Women making bread by the roadside, Antakya |
Just over a week ago, Lucy and I arrived in Turkey to begin work on Suppliants of Syria. We're partnering with our old friends from Çukurova University in Adana, where the wonderful İlke Şanlıer combines her role in the Film and TV department with directing the Research Centre in Migration. It's the perfect combination for a project that combines theatre and film with an active engagement in the ongoing refugee "crisis". The theme is being lent additional potency by the current situation in Palestine: just after we arrived, a very large protest in support of Palestine took place at the airbase in Adana, where American planes and personnel are stationed. The police used tear gas and water cannon to prevent people entering the base; but that doesn't mean that the government isn't sympathetic to the protestors' expression of solidarity between Muslims.
We've been able to establish a relationship with the Meryem Women's Co-operative: a fabulous organisation that enables Syrian women to work in areas like gardening and food production. A group of around 20 of them are in the process of becoming our Chorus. We've also been filming and researching in and around the city. I don't want to write too much about this as yet, because it needs time to absorb what we're seeing. Today we went to an area of Adana known as "Little Aleppo" on account of its large Syrian population. The poverty was very apparent. Many of the people there seem to eke out a living by selling discarded or recycled clothes which they show piled in the streets. Earlier in the week I visited Antakya: the city to the south of Adana which bore the brunt of the earthquake earlier this year. Antakya also has links to Syria: the majority of the pre-earthquake population spoke Arabic, and Syrian maps still show the area as part of their country, which they regard as having been annexed by the Turkish Republic in 1939. The city is utterly devastated. My friend Ali, who now lives near me in London, showed me round what remained of his childhood home. He often could not work out where he was, because there were no landmarks remaining. He would occasionally stop and examine the remains of a cornice or a metal door, and then say "This must be the old bank..."
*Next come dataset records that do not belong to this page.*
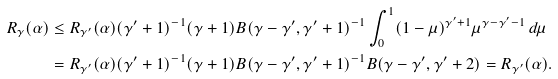<formula> <loc_0><loc_0><loc_500><loc_500>R _ { \gamma } ( \alpha ) & \leq R _ { \gamma ^ { \prime } } ( \alpha ) ( \gamma ^ { \prime } + 1 ) ^ { - 1 } ( \gamma + 1 ) B ( \gamma - \gamma ^ { \prime } , \gamma ^ { \prime } + 1 ) ^ { - 1 } \int _ { 0 } ^ { 1 } ( 1 - \mu ) ^ { \gamma ^ { \prime } + 1 } \mu ^ { \gamma - \gamma ^ { \prime } - 1 } \, d \mu \\ & = R _ { \gamma ^ { \prime } } ( \alpha ) ( \gamma ^ { \prime } + 1 ) ^ { - 1 } ( \gamma + 1 ) B ( \gamma - \gamma ^ { \prime } , \gamma ^ { \prime } + 1 ) ^ { - 1 } B ( \gamma - \gamma ^ { \prime } , \gamma ^ { \prime } + 2 ) = R _ { \gamma ^ { \prime } } ( \alpha ) .</formula> 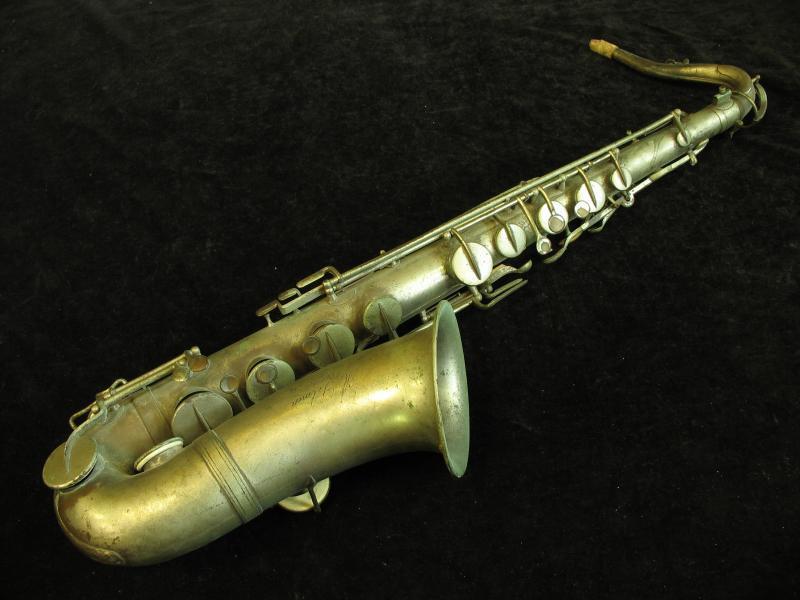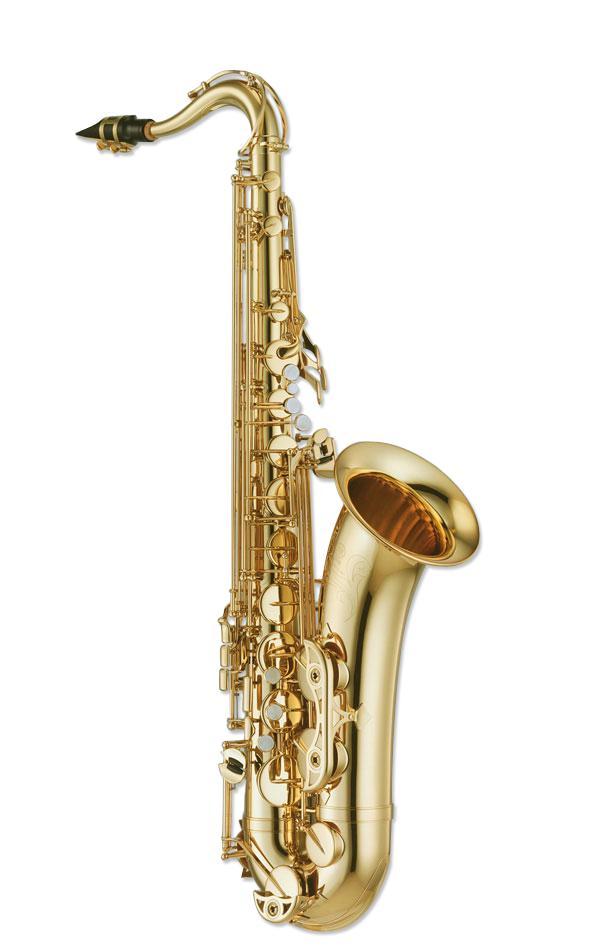The first image is the image on the left, the second image is the image on the right. Examine the images to the left and right. Is the description "An image shows a brass colored instrument with an imperfect finish on a black background." accurate? Answer yes or no. Yes. The first image is the image on the left, the second image is the image on the right. Given the left and right images, does the statement "One image shows a saxophone on a plain black background." hold true? Answer yes or no. Yes. 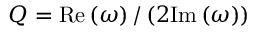Convert formula to latex. <formula><loc_0><loc_0><loc_500><loc_500>Q = R e \left ( \omega \right ) / \left ( 2 I m \left ( \omega \right ) \right )</formula> 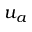<formula> <loc_0><loc_0><loc_500><loc_500>u _ { a }</formula> 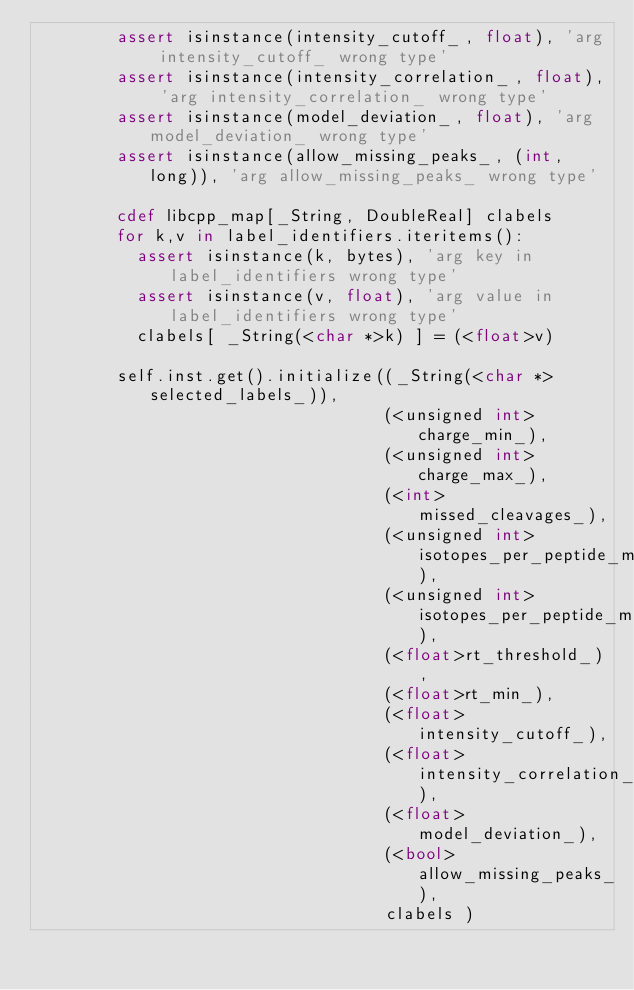Convert code to text. <code><loc_0><loc_0><loc_500><loc_500><_Cython_>        assert isinstance(intensity_cutoff_, float), 'arg intensity_cutoff_ wrong type'
        assert isinstance(intensity_correlation_, float), 'arg intensity_correlation_ wrong type'
        assert isinstance(model_deviation_, float), 'arg model_deviation_ wrong type'
        assert isinstance(allow_missing_peaks_, (int, long)), 'arg allow_missing_peaks_ wrong type'

        cdef libcpp_map[_String, DoubleReal] clabels
        for k,v in label_identifiers.iteritems():
          assert isinstance(k, bytes), 'arg key in label_identifiers wrong type'
          assert isinstance(v, float), 'arg value in label_identifiers wrong type'
          clabels[ _String(<char *>k) ] = (<float>v)

        self.inst.get().initialize((_String(<char *>selected_labels_)),
                                   (<unsigned int>charge_min_),
                                   (<unsigned int>charge_max_),
                                   (<int>missed_cleavages_),
                                   (<unsigned int>isotopes_per_peptide_min_),
                                   (<unsigned int>isotopes_per_peptide_max_),
                                   (<float>rt_threshold_),
                                   (<float>rt_min_),
                                   (<float>intensity_cutoff_),
                                   (<float>intensity_correlation_),
                                   (<float>model_deviation_),
                                   (<bool>allow_missing_peaks_),
                                   clabels ) 

</code> 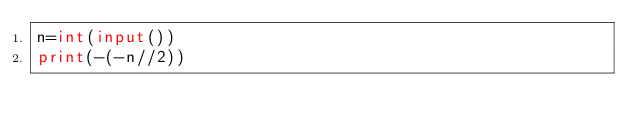<code> <loc_0><loc_0><loc_500><loc_500><_Python_>n=int(input())
print(-(-n//2))</code> 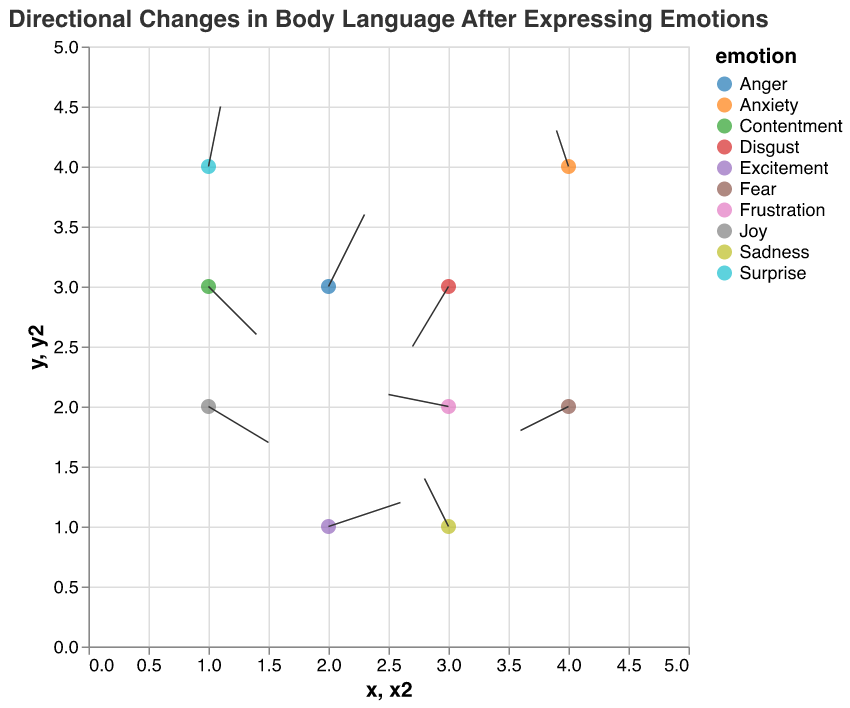What is the title of the quiver plot? The title is usually positioned at the top of the plot and summarizes what the plot is about. Here, the title is "Directional Changes in Body Language After Expressing Emotions".
Answer: Directional Changes in Body Language After Expressing Emotions How many emotions are represented in the plot? Each emotion is indicated by a unique color. By counting the number of unique colors associated with each point, we can determine the number of different emotions. There are 10 unique emotions.
Answer: 10 Which emotion shows the largest movement in the x-direction? To find this, we need to look at the value of 'u' for each data point and identify the one with the largest absolute value. The largest movement in the x-direction is for "Frustration" with a value of -0.5.
Answer: Frustration Which emotion shows a movement in the negative y-direction? To determine this, we need to identify the emotions associated with negative 'v' values. Emotions with negative y-direction movements are "Joy", "Disgust", and "Contentment".
Answer: Joy, Disgust, Contentment What are the start and end coordinates for the emotion "Fear"? The starting coordinates are given by (x, y) and the end coordinates can be calculated by adding (u, v) to (x, y). For "Fear", the start is (4,2) and end is calculated as (4+(-0.4),2+(-0.2)) = (3.6,1.8).
Answer: Start: (4,2), End: (3.6,1.8) Which emotion has the smallest change in its position? The smallest change in position can be found by calculating the magnitude of the movement vector (u, v) for each emotion. The magnitude is sqrt(u^2 + v^2). Here, the smallest magnitude corresponds to "Anxiety" with a magnitude of sqrt((-0.1)^2 + (0.3)^2) = sqrt(0.01 + 0.09) = sqrt(0.1) ≈ 0.32.
Answer: Anxiety How many emotions show a positive change in the y-direction? We need to count the number of data points where the 'v' component is positive. Emotions with positive y-direction changes are "Sadness", "Anger", "Surprise", "Excitement", and "Anxiety". There are 5 such emotions.
Answer: 5 What is the average horizontal movement for all emotions? The average horizontal movement can be determined by summing all 'u' values and dividing by the number of data points. Sum of all 'u' values: 0.5 - 0.2 + 0.3 - 0.4 + 0.1 - 0.3 + 0.6 - 0.1 + 0.4 - 0.5 = 0.4. Number of data points is 10. Therefore, average = 0.4 / 10 = 0.04.
Answer: 0.04 Which two emotions have the most similar movement vectors? To find this, we need to compare the (u, v) pairs for each emotion and calculate their Euclidean distance. The two emotions with the smallest distance are "Contentment" (0.4, -0.4) and "Joy" (0.5, -0.3). The distance is sqrt((0.5-0.4)^2 + (-0.3-(-0.4))^2) = sqrt(0.01 + 0.01) = sqrt(0.02) ≈ 0.14.
Answer: Joy and Contentment What is the direction of the movement for "Excitement"? The direction can be described using the vector components (u, v). For "Excitement" with a (u, v) of (0.6, 0.2), the movement is positively skewed in both x and y directions.
Answer: Positive x and y

And yet, in spite of everything, life endures. Ali's parents had a 100 year old house in the rural hinterland: it was destroyed. But Ali's father Mehmet, at the age of 69, has single-handedly build a new living space beside the rubble where the old house stood, and on Wednesday night we ate the traditional meal for the end of the olive harvest and the production of the new olive oil on that land. In the middle of the wreckage, Ali pointed out a plant. "It's a tomato plant", he said. "It used to be on the balcony just above where it is now." Somehow it survived - and is thriving.